### EXERCISE BRIEF
The answer must be an exact copy of every record below.

*** Opening of RECORDS PROVIDED ***

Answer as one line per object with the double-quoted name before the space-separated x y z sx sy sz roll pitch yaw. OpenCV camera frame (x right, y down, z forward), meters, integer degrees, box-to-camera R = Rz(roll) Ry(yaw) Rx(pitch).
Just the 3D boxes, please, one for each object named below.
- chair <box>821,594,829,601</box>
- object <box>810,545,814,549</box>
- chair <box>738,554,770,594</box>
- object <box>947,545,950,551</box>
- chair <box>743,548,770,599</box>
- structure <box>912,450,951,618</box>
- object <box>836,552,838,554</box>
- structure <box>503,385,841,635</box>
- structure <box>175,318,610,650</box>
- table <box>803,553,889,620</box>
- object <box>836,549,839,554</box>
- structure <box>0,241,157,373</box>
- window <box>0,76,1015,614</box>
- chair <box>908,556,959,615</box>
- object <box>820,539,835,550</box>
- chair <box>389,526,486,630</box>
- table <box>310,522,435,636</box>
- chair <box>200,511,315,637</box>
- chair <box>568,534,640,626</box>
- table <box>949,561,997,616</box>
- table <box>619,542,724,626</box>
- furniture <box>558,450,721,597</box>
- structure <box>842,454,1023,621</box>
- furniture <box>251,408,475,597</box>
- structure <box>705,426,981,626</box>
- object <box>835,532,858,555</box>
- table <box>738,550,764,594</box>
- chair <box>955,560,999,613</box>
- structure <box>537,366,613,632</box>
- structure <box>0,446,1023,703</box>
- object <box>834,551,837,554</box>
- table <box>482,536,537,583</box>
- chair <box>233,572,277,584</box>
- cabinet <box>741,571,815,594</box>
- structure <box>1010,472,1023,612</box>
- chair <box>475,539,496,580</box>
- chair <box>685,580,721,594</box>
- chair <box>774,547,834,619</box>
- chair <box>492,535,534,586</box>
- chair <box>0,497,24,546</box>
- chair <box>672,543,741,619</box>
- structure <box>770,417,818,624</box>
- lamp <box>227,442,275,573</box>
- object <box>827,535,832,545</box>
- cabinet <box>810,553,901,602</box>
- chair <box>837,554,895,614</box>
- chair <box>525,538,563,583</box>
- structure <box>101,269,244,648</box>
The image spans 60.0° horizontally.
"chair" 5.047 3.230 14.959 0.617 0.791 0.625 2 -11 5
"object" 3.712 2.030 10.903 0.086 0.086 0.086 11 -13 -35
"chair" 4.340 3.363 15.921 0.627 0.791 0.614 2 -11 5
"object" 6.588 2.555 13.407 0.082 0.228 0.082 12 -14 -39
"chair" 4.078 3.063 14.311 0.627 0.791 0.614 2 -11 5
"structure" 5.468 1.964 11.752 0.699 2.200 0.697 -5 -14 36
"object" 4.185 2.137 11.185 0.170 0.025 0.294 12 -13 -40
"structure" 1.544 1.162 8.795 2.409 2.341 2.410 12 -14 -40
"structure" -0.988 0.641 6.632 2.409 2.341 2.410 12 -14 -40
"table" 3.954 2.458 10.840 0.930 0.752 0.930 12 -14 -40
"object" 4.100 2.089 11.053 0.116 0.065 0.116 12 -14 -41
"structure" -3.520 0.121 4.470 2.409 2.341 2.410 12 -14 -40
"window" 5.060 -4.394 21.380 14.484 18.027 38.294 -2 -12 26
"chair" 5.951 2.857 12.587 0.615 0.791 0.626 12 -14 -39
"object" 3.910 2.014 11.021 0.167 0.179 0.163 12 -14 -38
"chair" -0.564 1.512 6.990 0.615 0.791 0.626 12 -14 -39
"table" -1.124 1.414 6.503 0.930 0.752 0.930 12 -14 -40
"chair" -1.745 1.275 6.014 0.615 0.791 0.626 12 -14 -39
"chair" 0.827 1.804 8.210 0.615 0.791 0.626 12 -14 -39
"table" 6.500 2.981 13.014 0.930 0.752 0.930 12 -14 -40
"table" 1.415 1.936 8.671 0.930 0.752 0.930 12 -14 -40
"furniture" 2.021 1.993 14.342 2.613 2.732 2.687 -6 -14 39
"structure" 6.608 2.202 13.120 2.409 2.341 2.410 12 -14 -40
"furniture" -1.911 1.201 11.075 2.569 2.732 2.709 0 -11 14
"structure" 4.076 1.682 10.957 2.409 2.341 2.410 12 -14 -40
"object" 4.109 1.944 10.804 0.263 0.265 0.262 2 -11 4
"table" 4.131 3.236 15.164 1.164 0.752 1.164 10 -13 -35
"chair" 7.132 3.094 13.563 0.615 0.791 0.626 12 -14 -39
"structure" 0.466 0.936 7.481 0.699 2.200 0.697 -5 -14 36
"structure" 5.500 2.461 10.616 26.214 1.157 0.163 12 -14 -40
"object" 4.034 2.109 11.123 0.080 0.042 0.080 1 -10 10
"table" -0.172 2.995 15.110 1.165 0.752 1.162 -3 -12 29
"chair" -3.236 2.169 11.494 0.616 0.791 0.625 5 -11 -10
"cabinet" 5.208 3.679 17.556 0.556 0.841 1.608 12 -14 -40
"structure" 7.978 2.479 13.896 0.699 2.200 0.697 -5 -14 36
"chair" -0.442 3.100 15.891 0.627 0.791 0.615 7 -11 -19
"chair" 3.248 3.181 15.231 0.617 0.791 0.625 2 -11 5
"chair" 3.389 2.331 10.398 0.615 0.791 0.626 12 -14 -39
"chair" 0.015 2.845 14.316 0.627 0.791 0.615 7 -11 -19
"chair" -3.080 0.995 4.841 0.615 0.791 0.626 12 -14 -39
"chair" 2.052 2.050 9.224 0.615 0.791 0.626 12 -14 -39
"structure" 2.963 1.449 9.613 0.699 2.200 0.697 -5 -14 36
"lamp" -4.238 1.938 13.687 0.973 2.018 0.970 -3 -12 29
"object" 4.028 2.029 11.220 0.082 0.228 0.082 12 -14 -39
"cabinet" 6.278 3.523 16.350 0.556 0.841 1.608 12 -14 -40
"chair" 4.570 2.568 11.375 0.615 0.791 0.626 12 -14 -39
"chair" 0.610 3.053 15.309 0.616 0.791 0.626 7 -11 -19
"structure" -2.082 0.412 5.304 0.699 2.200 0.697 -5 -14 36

*** Close of RECORDS PROVIDED ***

### RESPONSE AREA
Answer as one line per object with the double-quoted name before the space-separated x y z sx sy sz roll pitch yaw. OpenCV camera frame (x right, y down, z forward), meters, integer degrees, box-to-camera R = Rz(roll) Ry(yaw) Rx(pitch).
Just the 3D boxes, please, one for each object named below.
- chair <box>821,594,829,601</box>
- object <box>810,545,814,549</box>
- chair <box>738,554,770,594</box>
- object <box>947,545,950,551</box>
- chair <box>743,548,770,599</box>
- structure <box>912,450,951,618</box>
- object <box>836,552,838,554</box>
- structure <box>503,385,841,635</box>
- structure <box>175,318,610,650</box>
- table <box>803,553,889,620</box>
- object <box>836,549,839,554</box>
- structure <box>0,241,157,373</box>
- window <box>0,76,1015,614</box>
- chair <box>908,556,959,615</box>
- object <box>820,539,835,550</box>
- chair <box>389,526,486,630</box>
- table <box>310,522,435,636</box>
- chair <box>200,511,315,637</box>
- chair <box>568,534,640,626</box>
- table <box>949,561,997,616</box>
- table <box>619,542,724,626</box>
- furniture <box>558,450,721,597</box>
- structure <box>842,454,1023,621</box>
- furniture <box>251,408,475,597</box>
- structure <box>705,426,981,626</box>
- object <box>835,532,858,555</box>
- table <box>738,550,764,594</box>
- chair <box>955,560,999,613</box>
- structure <box>537,366,613,632</box>
- structure <box>0,446,1023,703</box>
- object <box>834,551,837,554</box>
- table <box>482,536,537,583</box>
- chair <box>233,572,277,584</box>
- cabinet <box>741,571,815,594</box>
- structure <box>1010,472,1023,612</box>
- chair <box>475,539,496,580</box>
- chair <box>685,580,721,594</box>
- chair <box>774,547,834,619</box>
- chair <box>492,535,534,586</box>
- chair <box>0,497,24,546</box>
- chair <box>672,543,741,619</box>
- structure <box>770,417,818,624</box>
- lamp <box>227,442,275,573</box>
- object <box>827,535,832,545</box>
- cabinet <box>810,553,901,602</box>
- chair <box>837,554,895,614</box>
- chair <box>525,538,563,583</box>
- structure <box>101,269,244,648</box>
The image spans 60.0° horizontally.
"chair" 5.047 3.230 14.959 0.617 0.791 0.625 2 -11 5
"object" 3.712 2.030 10.903 0.086 0.086 0.086 11 -13 -35
"chair" 4.340 3.363 15.921 0.627 0.791 0.614 2 -11 5
"object" 6.588 2.555 13.407 0.082 0.228 0.082 12 -14 -39
"chair" 4.078 3.063 14.311 0.627 0.791 0.614 2 -11 5
"structure" 5.468 1.964 11.752 0.699 2.200 0.697 -5 -14 36
"object" 4.185 2.137 11.185 0.170 0.025 0.294 12 -13 -40
"structure" 1.544 1.162 8.795 2.409 2.341 2.410 12 -14 -40
"structure" -0.988 0.641 6.632 2.409 2.341 2.410 12 -14 -40
"table" 3.954 2.458 10.840 0.930 0.752 0.930 12 -14 -40
"object" 4.100 2.089 11.053 0.116 0.065 0.116 12 -14 -41
"structure" -3.520 0.121 4.470 2.409 2.341 2.410 12 -14 -40
"window" 5.060 -4.394 21.380 14.484 18.027 38.294 -2 -12 26
"chair" 5.951 2.857 12.587 0.615 0.791 0.626 12 -14 -39
"object" 3.910 2.014 11.021 0.167 0.179 0.163 12 -14 -38
"chair" -0.564 1.512 6.990 0.615 0.791 0.626 12 -14 -39
"table" -1.124 1.414 6.503 0.930 0.752 0.930 12 -14 -40
"chair" -1.745 1.275 6.014 0.615 0.791 0.626 12 -14 -39
"chair" 0.827 1.804 8.210 0.615 0.791 0.626 12 -14 -39
"table" 6.500 2.981 13.014 0.930 0.752 0.930 12 -14 -40
"table" 1.415 1.936 8.671 0.930 0.752 0.930 12 -14 -40
"furniture" 2.021 1.993 14.342 2.613 2.732 2.687 -6 -14 39
"structure" 6.608 2.202 13.120 2.409 2.341 2.410 12 -14 -40
"furniture" -1.911 1.201 11.075 2.569 2.732 2.709 0 -11 14
"structure" 4.076 1.682 10.957 2.409 2.341 2.410 12 -14 -40
"object" 4.109 1.944 10.804 0.263 0.265 0.262 2 -11 4
"table" 4.131 3.236 15.164 1.164 0.752 1.164 10 -13 -35
"chair" 7.132 3.094 13.563 0.615 0.791 0.626 12 -14 -39
"structure" 0.466 0.936 7.481 0.699 2.200 0.697 -5 -14 36
"structure" 5.500 2.461 10.616 26.214 1.157 0.163 12 -14 -40
"object" 4.034 2.109 11.123 0.080 0.042 0.080 1 -10 10
"table" -0.172 2.995 15.110 1.165 0.752 1.162 -3 -12 29
"chair" -3.236 2.169 11.494 0.616 0.791 0.625 5 -11 -10
"cabinet" 5.208 3.679 17.556 0.556 0.841 1.608 12 -14 -40
"structure" 7.978 2.479 13.896 0.699 2.200 0.697 -5 -14 36
"chair" -0.442 3.100 15.891 0.627 0.791 0.615 7 -11 -19
"chair" 3.248 3.181 15.231 0.617 0.791 0.625 2 -11 5
"chair" 3.389 2.331 10.398 0.615 0.791 0.626 12 -14 -39
"chair" 0.015 2.845 14.316 0.627 0.791 0.615 7 -11 -19
"chair" -3.080 0.995 4.841 0.615 0.791 0.626 12 -14 -39
"chair" 2.052 2.050 9.224 0.615 0.791 0.626 12 -14 -39
"structure" 2.963 1.449 9.613 0.699 2.200 0.697 -5 -14 36
"lamp" -4.238 1.938 13.687 0.973 2.018 0.970 -3 -12 29
"object" 4.028 2.029 11.220 0.082 0.228 0.082 12 -14 -39
"cabinet" 6.278 3.523 16.350 0.556 0.841 1.608 12 -14 -40
"chair" 4.570 2.568 11.375 0.615 0.791 0.626 12 -14 -39
"chair" 0.610 3.053 15.309 0.616 0.791 0.626 7 -11 -19
"structure" -2.082 0.412 5.304 0.699 2.200 0.697 -5 -14 36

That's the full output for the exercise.